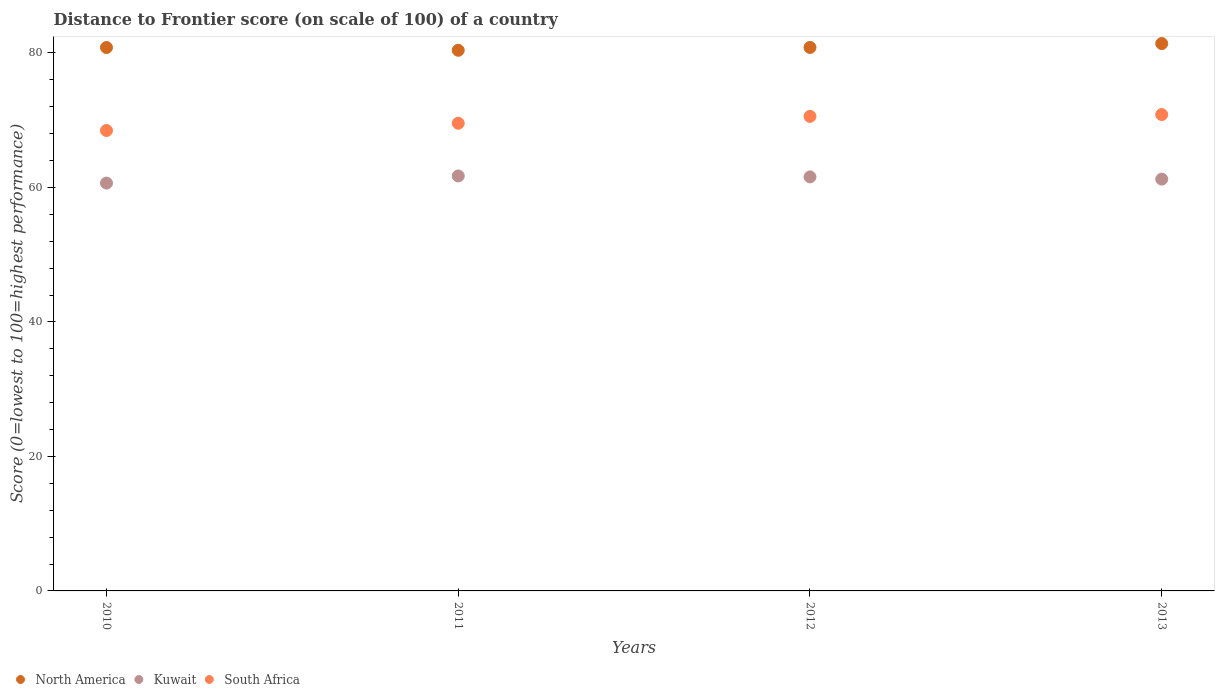How many different coloured dotlines are there?
Provide a short and direct response. 3. What is the distance to frontier score of in South Africa in 2012?
Offer a very short reply. 70.57. Across all years, what is the maximum distance to frontier score of in South Africa?
Ensure brevity in your answer.  70.84. Across all years, what is the minimum distance to frontier score of in South Africa?
Provide a short and direct response. 68.47. In which year was the distance to frontier score of in North America maximum?
Offer a terse response. 2013. In which year was the distance to frontier score of in South Africa minimum?
Ensure brevity in your answer.  2010. What is the total distance to frontier score of in South Africa in the graph?
Give a very brief answer. 279.43. What is the difference between the distance to frontier score of in Kuwait in 2010 and that in 2011?
Offer a terse response. -1.06. What is the difference between the distance to frontier score of in South Africa in 2013 and the distance to frontier score of in North America in 2010?
Ensure brevity in your answer.  -9.97. What is the average distance to frontier score of in South Africa per year?
Your answer should be compact. 69.86. In the year 2011, what is the difference between the distance to frontier score of in South Africa and distance to frontier score of in North America?
Your answer should be very brief. -10.85. What is the ratio of the distance to frontier score of in Kuwait in 2010 to that in 2011?
Keep it short and to the point. 0.98. What is the difference between the highest and the second highest distance to frontier score of in South Africa?
Keep it short and to the point. 0.27. What is the difference between the highest and the lowest distance to frontier score of in Kuwait?
Keep it short and to the point. 1.06. In how many years, is the distance to frontier score of in Kuwait greater than the average distance to frontier score of in Kuwait taken over all years?
Keep it short and to the point. 2. Is it the case that in every year, the sum of the distance to frontier score of in Kuwait and distance to frontier score of in South Africa  is greater than the distance to frontier score of in North America?
Keep it short and to the point. Yes. Does the distance to frontier score of in North America monotonically increase over the years?
Keep it short and to the point. No. Is the distance to frontier score of in Kuwait strictly greater than the distance to frontier score of in South Africa over the years?
Provide a short and direct response. No. Is the distance to frontier score of in South Africa strictly less than the distance to frontier score of in Kuwait over the years?
Keep it short and to the point. No. How many years are there in the graph?
Make the answer very short. 4. Does the graph contain any zero values?
Give a very brief answer. No. Does the graph contain grids?
Make the answer very short. No. Where does the legend appear in the graph?
Give a very brief answer. Bottom left. How many legend labels are there?
Offer a very short reply. 3. What is the title of the graph?
Offer a terse response. Distance to Frontier score (on scale of 100) of a country. Does "St. Martin (French part)" appear as one of the legend labels in the graph?
Your answer should be very brief. No. What is the label or title of the X-axis?
Make the answer very short. Years. What is the label or title of the Y-axis?
Make the answer very short. Score (0=lowest to 100=highest performance). What is the Score (0=lowest to 100=highest performance) in North America in 2010?
Provide a succinct answer. 80.81. What is the Score (0=lowest to 100=highest performance) in Kuwait in 2010?
Offer a very short reply. 60.65. What is the Score (0=lowest to 100=highest performance) of South Africa in 2010?
Provide a short and direct response. 68.47. What is the Score (0=lowest to 100=highest performance) of North America in 2011?
Provide a succinct answer. 80.4. What is the Score (0=lowest to 100=highest performance) of Kuwait in 2011?
Provide a succinct answer. 61.71. What is the Score (0=lowest to 100=highest performance) of South Africa in 2011?
Provide a succinct answer. 69.55. What is the Score (0=lowest to 100=highest performance) of North America in 2012?
Offer a very short reply. 80.82. What is the Score (0=lowest to 100=highest performance) in Kuwait in 2012?
Provide a short and direct response. 61.57. What is the Score (0=lowest to 100=highest performance) of South Africa in 2012?
Provide a succinct answer. 70.57. What is the Score (0=lowest to 100=highest performance) of North America in 2013?
Your response must be concise. 81.4. What is the Score (0=lowest to 100=highest performance) in Kuwait in 2013?
Give a very brief answer. 61.24. What is the Score (0=lowest to 100=highest performance) of South Africa in 2013?
Give a very brief answer. 70.84. Across all years, what is the maximum Score (0=lowest to 100=highest performance) of North America?
Give a very brief answer. 81.4. Across all years, what is the maximum Score (0=lowest to 100=highest performance) in Kuwait?
Give a very brief answer. 61.71. Across all years, what is the maximum Score (0=lowest to 100=highest performance) in South Africa?
Keep it short and to the point. 70.84. Across all years, what is the minimum Score (0=lowest to 100=highest performance) of North America?
Keep it short and to the point. 80.4. Across all years, what is the minimum Score (0=lowest to 100=highest performance) in Kuwait?
Keep it short and to the point. 60.65. Across all years, what is the minimum Score (0=lowest to 100=highest performance) in South Africa?
Provide a succinct answer. 68.47. What is the total Score (0=lowest to 100=highest performance) in North America in the graph?
Your response must be concise. 323.43. What is the total Score (0=lowest to 100=highest performance) of Kuwait in the graph?
Give a very brief answer. 245.17. What is the total Score (0=lowest to 100=highest performance) in South Africa in the graph?
Ensure brevity in your answer.  279.43. What is the difference between the Score (0=lowest to 100=highest performance) in North America in 2010 and that in 2011?
Offer a very short reply. 0.41. What is the difference between the Score (0=lowest to 100=highest performance) in Kuwait in 2010 and that in 2011?
Provide a short and direct response. -1.06. What is the difference between the Score (0=lowest to 100=highest performance) of South Africa in 2010 and that in 2011?
Your answer should be very brief. -1.08. What is the difference between the Score (0=lowest to 100=highest performance) in North America in 2010 and that in 2012?
Make the answer very short. -0.01. What is the difference between the Score (0=lowest to 100=highest performance) in Kuwait in 2010 and that in 2012?
Provide a succinct answer. -0.92. What is the difference between the Score (0=lowest to 100=highest performance) of South Africa in 2010 and that in 2012?
Offer a very short reply. -2.1. What is the difference between the Score (0=lowest to 100=highest performance) in North America in 2010 and that in 2013?
Give a very brief answer. -0.59. What is the difference between the Score (0=lowest to 100=highest performance) of Kuwait in 2010 and that in 2013?
Make the answer very short. -0.59. What is the difference between the Score (0=lowest to 100=highest performance) of South Africa in 2010 and that in 2013?
Offer a very short reply. -2.37. What is the difference between the Score (0=lowest to 100=highest performance) in North America in 2011 and that in 2012?
Ensure brevity in your answer.  -0.42. What is the difference between the Score (0=lowest to 100=highest performance) in Kuwait in 2011 and that in 2012?
Ensure brevity in your answer.  0.14. What is the difference between the Score (0=lowest to 100=highest performance) of South Africa in 2011 and that in 2012?
Your answer should be very brief. -1.02. What is the difference between the Score (0=lowest to 100=highest performance) in North America in 2011 and that in 2013?
Provide a short and direct response. -1. What is the difference between the Score (0=lowest to 100=highest performance) of Kuwait in 2011 and that in 2013?
Your answer should be very brief. 0.47. What is the difference between the Score (0=lowest to 100=highest performance) in South Africa in 2011 and that in 2013?
Your answer should be compact. -1.29. What is the difference between the Score (0=lowest to 100=highest performance) of North America in 2012 and that in 2013?
Your answer should be compact. -0.58. What is the difference between the Score (0=lowest to 100=highest performance) in Kuwait in 2012 and that in 2013?
Your answer should be compact. 0.33. What is the difference between the Score (0=lowest to 100=highest performance) in South Africa in 2012 and that in 2013?
Your response must be concise. -0.27. What is the difference between the Score (0=lowest to 100=highest performance) in North America in 2010 and the Score (0=lowest to 100=highest performance) in Kuwait in 2011?
Ensure brevity in your answer.  19.1. What is the difference between the Score (0=lowest to 100=highest performance) in North America in 2010 and the Score (0=lowest to 100=highest performance) in South Africa in 2011?
Give a very brief answer. 11.26. What is the difference between the Score (0=lowest to 100=highest performance) in North America in 2010 and the Score (0=lowest to 100=highest performance) in Kuwait in 2012?
Offer a terse response. 19.24. What is the difference between the Score (0=lowest to 100=highest performance) of North America in 2010 and the Score (0=lowest to 100=highest performance) of South Africa in 2012?
Provide a short and direct response. 10.24. What is the difference between the Score (0=lowest to 100=highest performance) in Kuwait in 2010 and the Score (0=lowest to 100=highest performance) in South Africa in 2012?
Your response must be concise. -9.92. What is the difference between the Score (0=lowest to 100=highest performance) of North America in 2010 and the Score (0=lowest to 100=highest performance) of Kuwait in 2013?
Keep it short and to the point. 19.57. What is the difference between the Score (0=lowest to 100=highest performance) in North America in 2010 and the Score (0=lowest to 100=highest performance) in South Africa in 2013?
Provide a short and direct response. 9.97. What is the difference between the Score (0=lowest to 100=highest performance) of Kuwait in 2010 and the Score (0=lowest to 100=highest performance) of South Africa in 2013?
Give a very brief answer. -10.19. What is the difference between the Score (0=lowest to 100=highest performance) of North America in 2011 and the Score (0=lowest to 100=highest performance) of Kuwait in 2012?
Make the answer very short. 18.83. What is the difference between the Score (0=lowest to 100=highest performance) of North America in 2011 and the Score (0=lowest to 100=highest performance) of South Africa in 2012?
Offer a terse response. 9.83. What is the difference between the Score (0=lowest to 100=highest performance) in Kuwait in 2011 and the Score (0=lowest to 100=highest performance) in South Africa in 2012?
Ensure brevity in your answer.  -8.86. What is the difference between the Score (0=lowest to 100=highest performance) in North America in 2011 and the Score (0=lowest to 100=highest performance) in Kuwait in 2013?
Provide a short and direct response. 19.16. What is the difference between the Score (0=lowest to 100=highest performance) of North America in 2011 and the Score (0=lowest to 100=highest performance) of South Africa in 2013?
Your answer should be compact. 9.56. What is the difference between the Score (0=lowest to 100=highest performance) in Kuwait in 2011 and the Score (0=lowest to 100=highest performance) in South Africa in 2013?
Your answer should be compact. -9.13. What is the difference between the Score (0=lowest to 100=highest performance) of North America in 2012 and the Score (0=lowest to 100=highest performance) of Kuwait in 2013?
Your answer should be very brief. 19.58. What is the difference between the Score (0=lowest to 100=highest performance) of North America in 2012 and the Score (0=lowest to 100=highest performance) of South Africa in 2013?
Offer a terse response. 9.98. What is the difference between the Score (0=lowest to 100=highest performance) in Kuwait in 2012 and the Score (0=lowest to 100=highest performance) in South Africa in 2013?
Your response must be concise. -9.27. What is the average Score (0=lowest to 100=highest performance) of North America per year?
Your answer should be compact. 80.86. What is the average Score (0=lowest to 100=highest performance) of Kuwait per year?
Your answer should be compact. 61.29. What is the average Score (0=lowest to 100=highest performance) in South Africa per year?
Your response must be concise. 69.86. In the year 2010, what is the difference between the Score (0=lowest to 100=highest performance) of North America and Score (0=lowest to 100=highest performance) of Kuwait?
Your answer should be very brief. 20.16. In the year 2010, what is the difference between the Score (0=lowest to 100=highest performance) of North America and Score (0=lowest to 100=highest performance) of South Africa?
Ensure brevity in your answer.  12.34. In the year 2010, what is the difference between the Score (0=lowest to 100=highest performance) in Kuwait and Score (0=lowest to 100=highest performance) in South Africa?
Make the answer very short. -7.82. In the year 2011, what is the difference between the Score (0=lowest to 100=highest performance) of North America and Score (0=lowest to 100=highest performance) of Kuwait?
Ensure brevity in your answer.  18.69. In the year 2011, what is the difference between the Score (0=lowest to 100=highest performance) of North America and Score (0=lowest to 100=highest performance) of South Africa?
Provide a succinct answer. 10.85. In the year 2011, what is the difference between the Score (0=lowest to 100=highest performance) of Kuwait and Score (0=lowest to 100=highest performance) of South Africa?
Offer a terse response. -7.84. In the year 2012, what is the difference between the Score (0=lowest to 100=highest performance) of North America and Score (0=lowest to 100=highest performance) of Kuwait?
Offer a very short reply. 19.25. In the year 2012, what is the difference between the Score (0=lowest to 100=highest performance) in North America and Score (0=lowest to 100=highest performance) in South Africa?
Your answer should be very brief. 10.25. In the year 2012, what is the difference between the Score (0=lowest to 100=highest performance) in Kuwait and Score (0=lowest to 100=highest performance) in South Africa?
Give a very brief answer. -9. In the year 2013, what is the difference between the Score (0=lowest to 100=highest performance) in North America and Score (0=lowest to 100=highest performance) in Kuwait?
Ensure brevity in your answer.  20.16. In the year 2013, what is the difference between the Score (0=lowest to 100=highest performance) in North America and Score (0=lowest to 100=highest performance) in South Africa?
Your response must be concise. 10.56. What is the ratio of the Score (0=lowest to 100=highest performance) of North America in 2010 to that in 2011?
Make the answer very short. 1.01. What is the ratio of the Score (0=lowest to 100=highest performance) in Kuwait in 2010 to that in 2011?
Ensure brevity in your answer.  0.98. What is the ratio of the Score (0=lowest to 100=highest performance) in South Africa in 2010 to that in 2011?
Your answer should be very brief. 0.98. What is the ratio of the Score (0=lowest to 100=highest performance) in Kuwait in 2010 to that in 2012?
Your response must be concise. 0.99. What is the ratio of the Score (0=lowest to 100=highest performance) in South Africa in 2010 to that in 2012?
Offer a terse response. 0.97. What is the ratio of the Score (0=lowest to 100=highest performance) of South Africa in 2010 to that in 2013?
Your answer should be very brief. 0.97. What is the ratio of the Score (0=lowest to 100=highest performance) of Kuwait in 2011 to that in 2012?
Provide a short and direct response. 1. What is the ratio of the Score (0=lowest to 100=highest performance) in South Africa in 2011 to that in 2012?
Provide a succinct answer. 0.99. What is the ratio of the Score (0=lowest to 100=highest performance) of North America in 2011 to that in 2013?
Your response must be concise. 0.99. What is the ratio of the Score (0=lowest to 100=highest performance) in Kuwait in 2011 to that in 2013?
Keep it short and to the point. 1.01. What is the ratio of the Score (0=lowest to 100=highest performance) of South Africa in 2011 to that in 2013?
Give a very brief answer. 0.98. What is the ratio of the Score (0=lowest to 100=highest performance) in North America in 2012 to that in 2013?
Your answer should be compact. 0.99. What is the ratio of the Score (0=lowest to 100=highest performance) in Kuwait in 2012 to that in 2013?
Make the answer very short. 1.01. What is the difference between the highest and the second highest Score (0=lowest to 100=highest performance) in North America?
Your answer should be very brief. 0.58. What is the difference between the highest and the second highest Score (0=lowest to 100=highest performance) of Kuwait?
Offer a terse response. 0.14. What is the difference between the highest and the second highest Score (0=lowest to 100=highest performance) of South Africa?
Make the answer very short. 0.27. What is the difference between the highest and the lowest Score (0=lowest to 100=highest performance) of Kuwait?
Your answer should be very brief. 1.06. What is the difference between the highest and the lowest Score (0=lowest to 100=highest performance) of South Africa?
Provide a short and direct response. 2.37.
=====
*Assigned task*.
What is needed is an exact copy of the lines from the start of the listing above through the line that holds "Offer a very short reply. 70.57.", with the pictures left out.

*Your solution*.
How many different coloured dotlines are there?
Provide a short and direct response. 3. What is the distance to frontier score of in South Africa in 2012?
Offer a very short reply. 70.57. Across all years, what is the maximum distance to frontier score of in South Africa?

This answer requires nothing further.